# EXERCISE DETAILS:
Please give the data again in full, exactly as it reads.

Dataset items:

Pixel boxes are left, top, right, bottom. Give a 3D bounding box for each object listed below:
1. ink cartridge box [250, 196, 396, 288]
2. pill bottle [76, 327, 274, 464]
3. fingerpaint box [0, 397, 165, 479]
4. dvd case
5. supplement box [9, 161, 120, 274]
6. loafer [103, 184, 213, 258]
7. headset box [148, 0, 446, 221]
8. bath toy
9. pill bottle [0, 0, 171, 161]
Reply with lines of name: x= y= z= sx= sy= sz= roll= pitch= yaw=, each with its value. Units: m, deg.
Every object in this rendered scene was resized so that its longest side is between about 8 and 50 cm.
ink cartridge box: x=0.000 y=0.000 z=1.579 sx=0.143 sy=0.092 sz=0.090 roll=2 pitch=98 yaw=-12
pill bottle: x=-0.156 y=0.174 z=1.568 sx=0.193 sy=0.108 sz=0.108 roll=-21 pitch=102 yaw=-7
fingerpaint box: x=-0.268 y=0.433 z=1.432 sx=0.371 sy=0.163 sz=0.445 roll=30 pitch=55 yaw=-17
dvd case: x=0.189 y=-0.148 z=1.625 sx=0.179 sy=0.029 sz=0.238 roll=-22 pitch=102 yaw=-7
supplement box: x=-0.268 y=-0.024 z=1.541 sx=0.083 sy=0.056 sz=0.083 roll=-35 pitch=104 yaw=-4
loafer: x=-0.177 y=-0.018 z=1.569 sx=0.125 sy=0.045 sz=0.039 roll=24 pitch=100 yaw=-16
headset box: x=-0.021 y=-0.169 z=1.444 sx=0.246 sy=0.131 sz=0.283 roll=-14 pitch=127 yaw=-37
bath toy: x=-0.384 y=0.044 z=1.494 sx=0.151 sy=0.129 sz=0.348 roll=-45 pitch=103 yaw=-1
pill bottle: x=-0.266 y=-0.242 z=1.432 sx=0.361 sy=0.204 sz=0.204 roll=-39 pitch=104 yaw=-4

# ANSWER BOX:
Pixel boxes are left, top, right, bottom. Give a 3D bounding box for each object listed below:
1. ink cartridge box [250, 196, 396, 288]
2. pill bottle [76, 327, 274, 464]
3. fingerpaint box [0, 397, 165, 479]
4. dvd case
5. supplement box [9, 161, 120, 274]
6. loafer [103, 184, 213, 258]
7. headset box [148, 0, 446, 221]
8. bath toy
9. pill bottle [0, 0, 171, 161]
Reply with lines of name: x= y= z= sx= sy= sz= roll= pitch= yaw=, each with its value. Units: m, deg.
Every object in this rendered scene was resized so that its longest side is between about 8 and 50 cm.
ink cartridge box: x=0.000 y=0.000 z=1.579 sx=0.143 sy=0.092 sz=0.090 roll=2 pitch=98 yaw=-12
pill bottle: x=-0.156 y=0.174 z=1.568 sx=0.193 sy=0.108 sz=0.108 roll=-21 pitch=102 yaw=-7
fingerpaint box: x=-0.268 y=0.433 z=1.432 sx=0.371 sy=0.163 sz=0.445 roll=30 pitch=55 yaw=-17
dvd case: x=0.189 y=-0.148 z=1.625 sx=0.179 sy=0.029 sz=0.238 roll=-22 pitch=102 yaw=-7
supplement box: x=-0.268 y=-0.024 z=1.541 sx=0.083 sy=0.056 sz=0.083 roll=-35 pitch=104 yaw=-4
loafer: x=-0.177 y=-0.018 z=1.569 sx=0.125 sy=0.045 sz=0.039 roll=24 pitch=100 yaw=-16
headset box: x=-0.021 y=-0.169 z=1.444 sx=0.246 sy=0.131 sz=0.283 roll=-14 pitch=127 yaw=-37
bath toy: x=-0.384 y=0.044 z=1.494 sx=0.151 sy=0.129 sz=0.348 roll=-45 pitch=103 yaw=-1
pill bottle: x=-0.266 y=-0.242 z=1.432 sx=0.361 sy=0.204 sz=0.204 roll=-39 pitch=104 yaw=-4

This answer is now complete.